Gridded Population Data for India: Accuracy Assessment and a New Benchmark
Pratyush Tripath, Krishnachandran Balakrishnan | 10 December 2024
The accuracy and quality of various global gridded population datasets can vary over space, but a systematic assessment of these datasets for India, the most populous country in the world, is largely missing. This study contributes to the literature in two ways. First, using census population figures for nearly 600,000 towns and villages in India, it presents a comprehensive accuracy assessment of publicly available gridded population datasets. The global gridded population datasets evaluated include Gridded Population of the World (GPW), WorldPop, High Resolution Settlement Layer (HRSL), and Global Human Settlement Layer Population (GHS-POP) for India. Comparison of existing gridded population datasets shows that GHS-POP, which uses a built-volume layer and non-residential built up layer as input, largely outperforms all the other gridded datasets for towns, villages, and both combined, for almost all states in India.
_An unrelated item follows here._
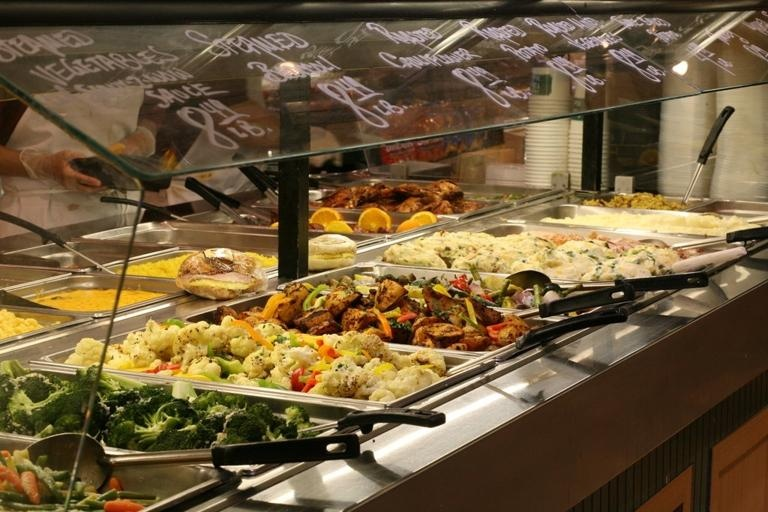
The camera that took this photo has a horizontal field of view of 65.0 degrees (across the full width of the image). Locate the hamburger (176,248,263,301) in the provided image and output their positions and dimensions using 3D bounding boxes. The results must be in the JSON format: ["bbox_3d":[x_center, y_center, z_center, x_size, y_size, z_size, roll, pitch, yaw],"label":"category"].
[{"bbox_3d":[-0.563,0.066,2.091,0.292,0.182,0.080,2,-23,-10],"label":"hamburger"}]

Second, using only a modified version of the GHSL built-up layer, we show that it is possible to improve on the GHS-POP method and achieve higher accuracies by using a simple regression model. The method used by GHS-POP, along with our improvements show that, given high quality built up data, simple explainable models can outperform machine learning models when it comes to population mapping. Our work contributes to global efforts towards generating high accuracy gridded population data, while relying on simple, explainable and easily replicable methods.